> **Instructions to follow**
How many lines of these records hold the string "that"? Reply with the number alone.

Dataset entries:
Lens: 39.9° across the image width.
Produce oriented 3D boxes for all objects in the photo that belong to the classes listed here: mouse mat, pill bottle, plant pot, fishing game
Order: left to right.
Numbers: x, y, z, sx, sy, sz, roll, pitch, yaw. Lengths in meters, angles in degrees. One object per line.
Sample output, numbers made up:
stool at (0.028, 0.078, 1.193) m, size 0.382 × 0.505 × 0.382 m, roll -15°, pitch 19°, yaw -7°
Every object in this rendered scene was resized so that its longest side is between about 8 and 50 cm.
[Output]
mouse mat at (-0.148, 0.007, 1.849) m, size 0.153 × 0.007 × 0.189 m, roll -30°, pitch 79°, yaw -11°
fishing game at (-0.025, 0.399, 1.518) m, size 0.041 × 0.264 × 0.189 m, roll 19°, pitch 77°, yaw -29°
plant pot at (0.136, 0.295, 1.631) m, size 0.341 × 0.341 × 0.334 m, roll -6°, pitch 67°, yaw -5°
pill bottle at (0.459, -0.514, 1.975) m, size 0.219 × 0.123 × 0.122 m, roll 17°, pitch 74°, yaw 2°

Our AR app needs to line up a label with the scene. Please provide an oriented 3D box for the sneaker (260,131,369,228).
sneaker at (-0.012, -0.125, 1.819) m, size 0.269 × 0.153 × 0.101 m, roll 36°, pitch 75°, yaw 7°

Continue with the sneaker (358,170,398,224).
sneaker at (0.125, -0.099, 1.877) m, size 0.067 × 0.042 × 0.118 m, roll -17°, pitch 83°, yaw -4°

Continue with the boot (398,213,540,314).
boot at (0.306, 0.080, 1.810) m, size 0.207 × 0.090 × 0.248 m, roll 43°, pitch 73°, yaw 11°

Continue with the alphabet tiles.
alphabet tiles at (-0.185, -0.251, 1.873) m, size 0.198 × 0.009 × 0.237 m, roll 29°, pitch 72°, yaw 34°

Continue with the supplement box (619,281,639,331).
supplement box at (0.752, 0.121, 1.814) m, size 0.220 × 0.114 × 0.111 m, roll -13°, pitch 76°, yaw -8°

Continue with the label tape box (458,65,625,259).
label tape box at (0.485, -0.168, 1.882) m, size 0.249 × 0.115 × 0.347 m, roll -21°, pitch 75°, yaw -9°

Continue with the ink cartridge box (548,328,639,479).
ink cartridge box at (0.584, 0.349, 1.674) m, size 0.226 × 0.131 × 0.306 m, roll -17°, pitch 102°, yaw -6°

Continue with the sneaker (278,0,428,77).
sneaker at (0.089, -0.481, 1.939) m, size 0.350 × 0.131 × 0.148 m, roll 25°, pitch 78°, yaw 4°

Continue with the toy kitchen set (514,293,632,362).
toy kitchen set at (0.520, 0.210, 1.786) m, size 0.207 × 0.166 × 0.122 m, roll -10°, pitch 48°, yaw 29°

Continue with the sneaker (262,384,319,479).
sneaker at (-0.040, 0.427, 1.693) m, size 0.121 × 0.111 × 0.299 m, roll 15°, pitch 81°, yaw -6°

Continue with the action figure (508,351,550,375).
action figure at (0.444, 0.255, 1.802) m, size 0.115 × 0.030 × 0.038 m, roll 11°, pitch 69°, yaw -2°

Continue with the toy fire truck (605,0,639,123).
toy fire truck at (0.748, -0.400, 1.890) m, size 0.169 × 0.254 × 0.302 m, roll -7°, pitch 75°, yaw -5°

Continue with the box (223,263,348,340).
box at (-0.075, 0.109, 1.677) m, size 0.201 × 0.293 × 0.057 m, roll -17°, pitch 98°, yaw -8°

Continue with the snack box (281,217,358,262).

> **The completed task**
2